In 2016, the Illinois Supreme Court in Carney v. Union Pacific Railroad, 2016 IL 118984, decided a construction negligence case in favor of the defendant owner and provided clear parameters to Section 414 of the Restatement (Second) of Torts. Trial and appellate courts are following suit by granting and affirming summary judgment under the new Carney framework. LePretre v. Lend Lease (US) Construction, Inc., 2017 IL App (1st) 162320; Snow v. Power Construction Co., 2017 IL App (1st) 151226; Meza v. F.H. Paschen, 2017 IL App (1st) 161569-U. Just in the past few weeks, our office obtained summary judgment in three serious construction-site accident cases. We have also seen trial judges issue modified – and more favorable – jury instructions in these types of cases. Below is a quick recap of how Carney redefined the law and leveled the playing field for general contractors and owners.

The owner, a railroad company, hired a demolition subcontractor to remove several bridges. The subcontractor in turn hired the plaintiff to assist in the work. During the removal process, an unsecured beam fell to the ground while the plaintiff was standing on a steel plate covered by gravel. The fallen beam caused the steel plate to move up, which caused the plaintiff to slide forward under the beam. The plaintiff's legs were severed below his knees and he brought suit against the railroad company under Section 414. This section provides:

 414 Negligence in Exercising Control Retained by Employer

One who entrusts work to an independent contractor, but who retains the control of any part of the work, is subject to liability for physical harm to others for whose safety the employer owes a duty to exercise reasonable care, which is caused by his failure to exercise his control with reasonable care.

Illinois courts interpreted this section as giving rise to two theories of liability: (1) vicarious liability when the general contractor's control over the “operative detail” is so extensive that the independent contractor is viewed as the agent of the general contractor; and (2) direct liability when the level of control is sufficient to give rise to a duty to exercise reasonable care for the safety of the independent contractor. This interpretation of Section 414 gave plaintiffs multiple opportunities to develop a cause of action against a general contractor. Making matters worse, there was no consensus definition of “control.”

Carney cleared up the confusion by first eliminating vicarious liability under Section 414 and then defining the limits of “control” under direct liability.

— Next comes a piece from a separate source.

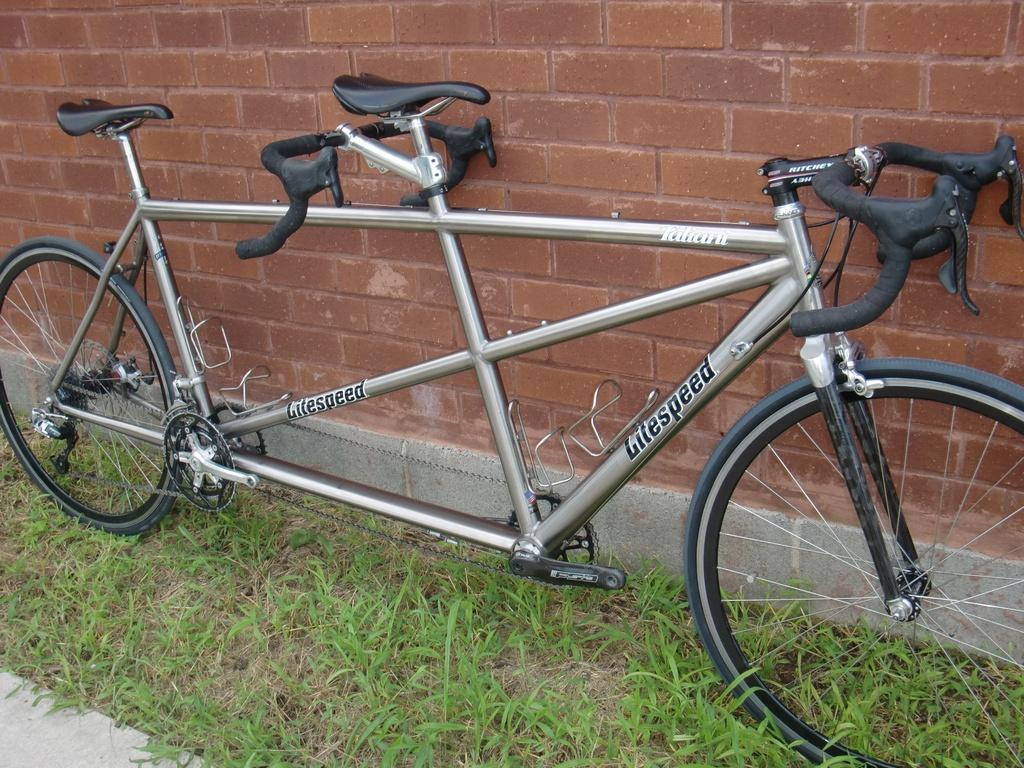What is the main subject of the image? The main subject of the image is a vehicle. Can you describe the color of the vehicle? The vehicle is in ash and black color. How many seats are in the vehicle? The vehicle has two seats. What type of vegetation can be seen in the image? There is green grass in the image. What is the color of the wall in the image? The wall in the image is brown in color. What type of lace can be seen hanging from the vehicle in the image? There is no lace present in the image; it features a vehicle with two seats and a brown wall in the background. What type of mine is visible in the image? There is no mine present in the image; it features a vehicle, green grass, and a brown wall.

In order to establish direct liability, plaintiffs now must show at least some degree of control over the manner in which the independent contractor performed the work. A “general right” to supervise is no longer sufficient to create a question of fact. Previously, courts would often deny summary judgment motions because a general contractor merely retained the right to stop work or check progress. These general rights are no longer relevant.

A critical factor in analyzing a general's control is the contract language. Many courts would use the contract between the general and the owner as evidence of control. Carney clarified that the proper contract to examine is the one between the parties – the general and independent subcontractor – and not the prime contract with the owner. The court also explained that safety provisions in the contract fall under the category of general rights and do not trigger the duty under Section 414. By removing many of these arguments from consideration, Carney significantly curbed plaintiffs' ability to use the contract language against the general to impose direct liability.

Whether by supervision or contract, plaintiffs must establish that the control was over the specific manner, means and methods of the work. If plaintiffs can clear this hurdle, then they must show the general had notice (knew or should have known) of the unsafe condition or work practice. There is no liability under Section 414 without notice.

It is worth reexamining the construction negligence claims in your caseload to see whether the plaintiffs have the specific facts for control and notice required to defeat summary judgment under the Carney standard. At trial, a modified jury instruction should be offered in place of current pattern instruction, which no longer accurately reflects the law. I.P.I. No. 55.02 (imposing a duty when a defendant “who retained some control over the safety of the work has a duty to exercise that control with ordinary care.”).